Sebagai contoh, gaun isolasi polietilen Ritmed® AssureWear® memiliki desain yang dikenakan dari atas kepala dengan manset berlubang untuk ibu jari. Gaun ini terbuat dari polietilen spunbond dan memiliki jahitan yang kuat untuk kekuatan yang superior. Gaun ini bebas lateks dan diklasifikasikan sebagai jenis aplikasi gaun isolasi. Sifatnya yang kedap air menunjukkan efektivitas penghalangnya.
Kain Gaun Rumah Sakit dari Katun dan Campuran Katun
Kain katun dan campuran katun adalah pilihan tradisional untuk gaun rumah sakit yang dapat digunakan kembali. Kain ini menawarkan kenyamanan dan sirkulasi udara yang baik bagi pasien.
Dibuat dari bahan yang nyaman dan mudah bernapas seperti katun atau campuran katun, gaun pasien kami memprioritaskan kenyamanan pasien sekaligus memastikan perlindungan yang tepat.
Meskipun nyaman, sifat katun yang berpori berarti ia menawarkan ketahanan cairan yang minimal. Hal ini membatasi penggunaannya di lingkungan yang membutuhkan perlindungan penghalang tinggi. Campuran katun, seringkali dengan poliester, bertujuan untuk meningkatkan daya tahan dan mengurangi penyusutan sambil mempertahankan sebagian kenyamanan katun. Mempertahankan integritas gaun ini membutuhkan protokol pencucian khusus. Gaun yang kotor menjalani proses pembersihan komprehensif. Ini mungkin termasuk pencucian, disinfeksi, dan sterilisasi. Langkah-langkah spesifik bergantung pada jenis gaun dan tingkat kontaminasi yang dialaminya. Gaun isolasi yang dapat digunakan kembali, seperti gaun katun kuning berbobot sedang, terbuat dari kain campuran poliester-katun 55/45 yang tahan lama dan bernapas. Campuran ini dirancang untuk tahan terhadap banyak penggunaan dan pencucian tanpa mengurangi kualitas perlindungannya. Hal ini membuatnya cocok untuk lingkungan perawatan kesehatan yang menuntut.
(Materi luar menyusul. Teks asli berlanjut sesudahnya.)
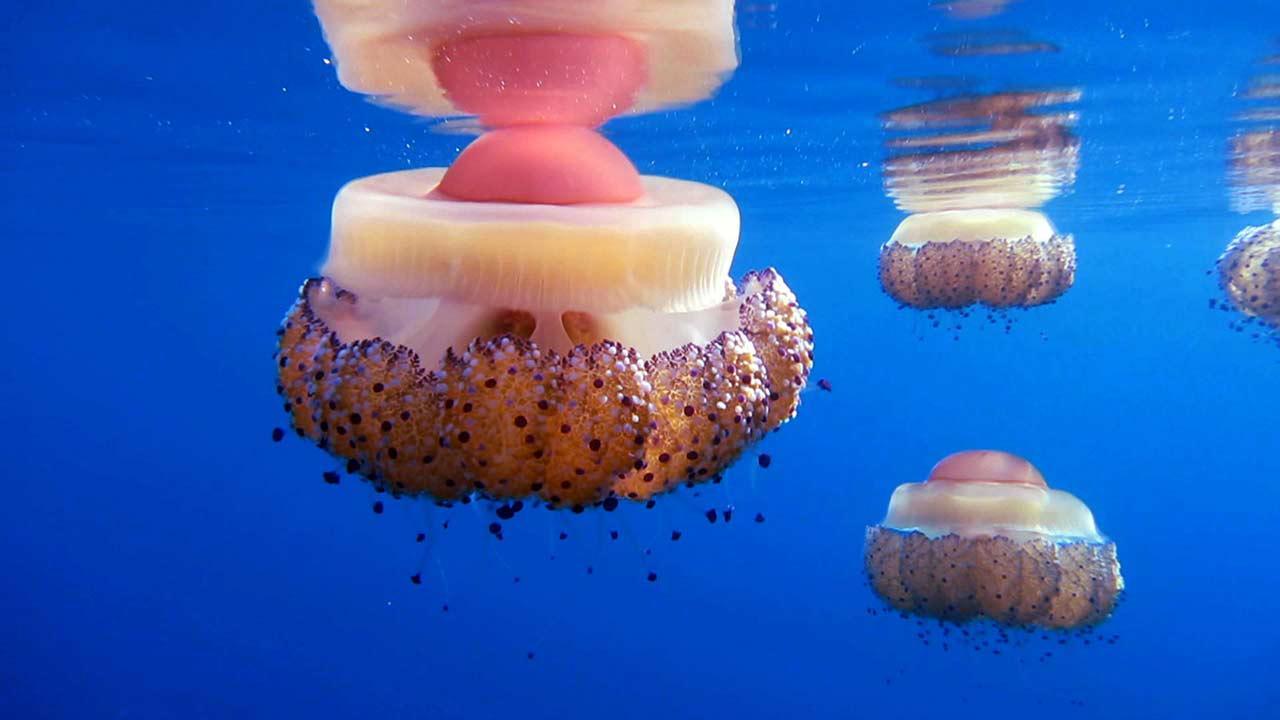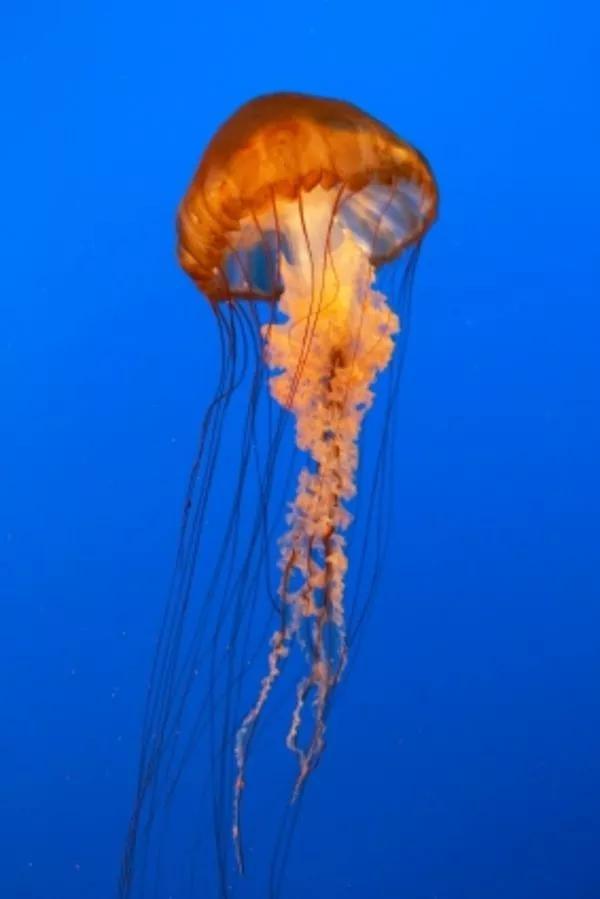The first image is the image on the left, the second image is the image on the right. Examine the images to the left and right. Is the description "the left pic has more then three creatures" accurate? Answer yes or no. Yes.

Kain Gaun Rumah Sakit dari Poliester dan Campuran Poliester
Kain poliester dan campuran poliester umum digunakan pada gaun rumah sakit yang dapat digunakan kembali karena daya tahan, kekuatan, dan ketahanannya terhadap penyusutan dan kerutan. Poliester menawarkan ketahanan kimia yang baik dan tidak menyerap cairan, menjadikannya penghalang yang lebih baik terhadap kontaminan tertentu daripada katun.
| Fitur | Kain Poliester | Kain Katun |
|---|---|---|
| Ketahanan Kimia | Penghalang yang baik terhadap asam dan kontaminan biologis | Rentan terhadap tumpahan asam; ketahanan terhadap cairan minimal. |
| Penyerapan Cairan | Tidak menyerap cairan | Tidak tahan terhadap cairan, terutama asam. |
| Kesesuaian | Penelitian biomedis, laboratorium pengujian darah | Membutuhkan perlindungan tambahan untuk bahan korosif. |
| Biaya | Lebih murah untuk diproduksi | Seringkali lebih mahal (untuk 100% katun) |
Jas lab poliester, misalnya, tahan lama dan awet. Namun, jas lab katun menawarkan ketahanan minimal terhadap cairan dan bahan kimia. Campuran poliester sering menggabungkan poliester dengan katun untuk menyeimbangkan kenyamanan dengan daya tahan dan ketahanan terhadap cairan yang lebih baik. Kain ini dapat tahan terhadap banyak siklus pencucian sambil tetap mempertahankan kualitas pelindungnya.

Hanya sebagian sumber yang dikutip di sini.